Your adventure idea does sound neat for kids.  If I have any better/real ideas I'll pass them along.  And I hope you'll let us know what you did!


----------



## Edgar Ironpelt

In my 3.5e "Brotherhood of Rangers" game, I had an encounter with generic "vicious vegetables" grown by ogres.
Vicious Vegetables​Large Plant – Neutral
*Hit Dice:* 4d8+12 (30 hp) – CR 3
*Senses: *Blindsight 20 ft, scent, spot +1, listen --
*Languages: *none
*Initiative:* -1
*Speed:* none (no movement)
*Armor Class: *15, touch 9, flat-footed 15
(–1 size, +6 natural)
*Saves: *Fort +7, Ref +1, Will +2
*Special Defenses:* *Resist* fire 10; *Immune:* electricity, sonic, poison, sleep effects, paralysis, polymorph, and stunning; critical hits, being flanked, mind-affecting effects (charms, compulsions, phantasms, patterns, and morale effects)
*Weaknesses:* vulnerable to cold, unable to hear
*Base Attack/Grapple:* +3/+12
*Attack:* 4 Tentacles +7 melee (1d6+7) each
*Full Attack:* 4 Tentacles +7 melee (1d6+7) each
*Space/Reach: *10 ft./5 ft.
*Special Attacks:* Entangle (no save)
*Special Qualities:* blindsight, scent, plant traits
*Abilities:* Str 20, Dex 10, Con 16, Int –, Wis 13 Cha 9
*Skills:* none (spot +1 based on Wis)
*Feats:* none
*Environment:* wicked gardens & greenhouses
*Organization:* Solitary or patch (2-8)
*Treasure:* None
*Advancement:* 5–8 HD (Large); 9–12 HD (Huge)
*Level Adjustment:* –
*Notes:* Vicious vegetables look like a garden or container plot of ordinary vegetables (corn, squash, tomatoes etc.) but rustle with obvious (albeit mindless) animation. They cannot move from the plot where they are growing. They are repelled by the odor of ogres and similar creatures (e.g. hill giants), and will not attack or attempt to entangle them. Note that they can be easily fooled by ogre odor, even if the figure doesn’t look (or feel) anything like an ogre.
They cannot hear, and they can only sense light vs darkness, rather than being able to see. They attack by means of a “blindsight” that combines scent, the ability to sense air currents, and touch.
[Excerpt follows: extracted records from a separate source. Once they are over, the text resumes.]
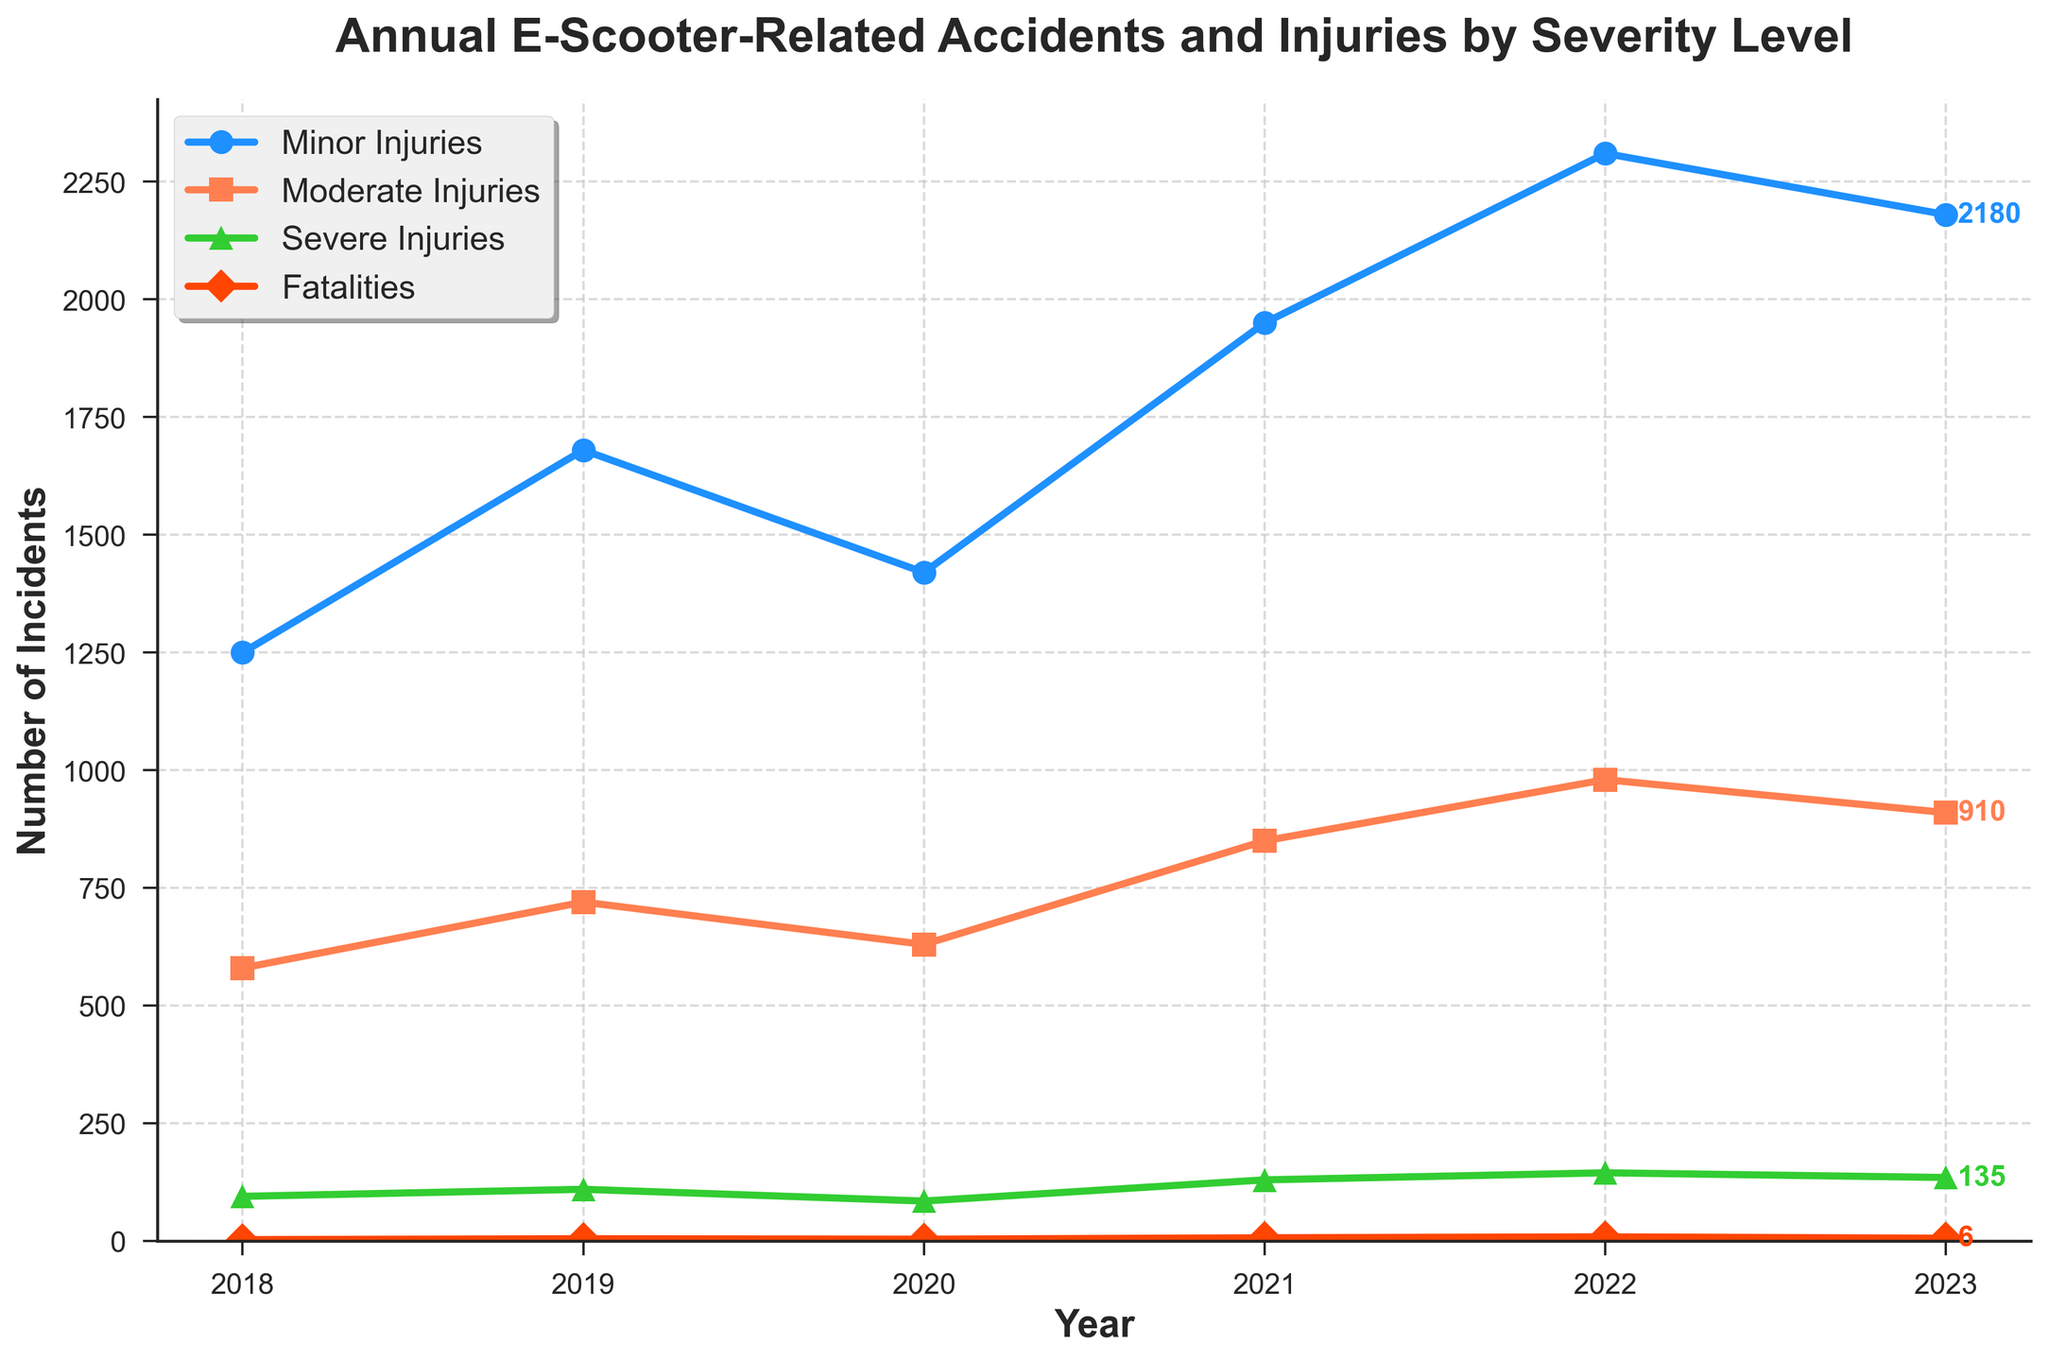What is the trend of Minor Injuries from 2018 to 2023? The figure shows a generally increasing trend in Minor Injuries from 1250 in 2018 to 2310 in 2022, with a slight decrease to 2180 in 2023.
Answer: Increasing, then decreasing in 2023 Which year saw the highest number of Severe Injuries? From the figure, the highest number of Severe Injuries is 145 in 2022.
Answer: 2022 How many total e-scooter-related fatalities were recorded in 2021 and 2022 combined? From the figure, there were 7 fatalities in 2021 and 9 in 2022. Adding these numbers gives us 7 + 9 = 16.
Answer: 16 What is the color used to represent Moderate Injuries? In the figure, the line representing Moderate Injuries is orange in color.
Answer: Orange Which severity level had the most significant increase between 2020 and 2021? Comparing the lines between 2020 and 2021, Minor Injuries increased from 1420 to 1950, a difference of 530; Moderate Injuries increased from 630 to 850, a difference of 220; Severe Injuries rose from 85 to 130, a difference of 45; Fatalities increased from 4 to 7, a difference of 3. The most significant increase is seen in Minor Injuries.
Answer: Minor Injuries How did the number of Minor Injuries change from 2019 to 2023? In 2019, Minor Injuries were 1680, and in 2023, they were 2180. The change is 2180 - 1680 = 500.
Answer: Increased by 500 What was the percentage increase in Fatalities from 2018 to 2023? In 2018, there were 3 Fatalities, and in 2023, there were 6. The percentage increase is ((6 - 3) / 3) * 100% = 100%.
Answer: 100% How does the number of Moderate Injuries in 2022 compare to that in 2018? In 2022, there were 980 Moderate Injuries, while in 2018, there were 580. The difference is 980 - 580 = 400.
Answer: Higher by 400 What is the overall trend in Fatalities from 2018 to 2023? The figure shows a gradual increase in Fatalities from 3 in 2018 to 9 in 2022, with a slight decrease to 6 in 2023.
Answer: Increasing, then decreasing in 2023 What was the combined total of Severe Injuries and Moderate Injuries in 2020? In 2020, Severe Injuries were 85 and Moderate Injuries were 630. Their combined total is 85 + 630 = 715.
Answer: 715

In combat, vicious vegetables can make four attacks per turn with their vines & leaves. (These are effectively “tentacle” attacks for game purposes.) The attacks count as both bludgeoning & slashing damage. They are limited to making one attack against a medium or smaller figure each turn - they get their multiple attacks only if fighting multiple foes.

 They also get an entangle attack: They attempt (and automatically fail) to entangle opponents within 5 feet, but this still slows the opponents down to half move. They entangle fully vs figures that enter their squares with no roll to save.


----------



## John R Davis

Owlpears.
Marrow Wights.
Peaholders.


----------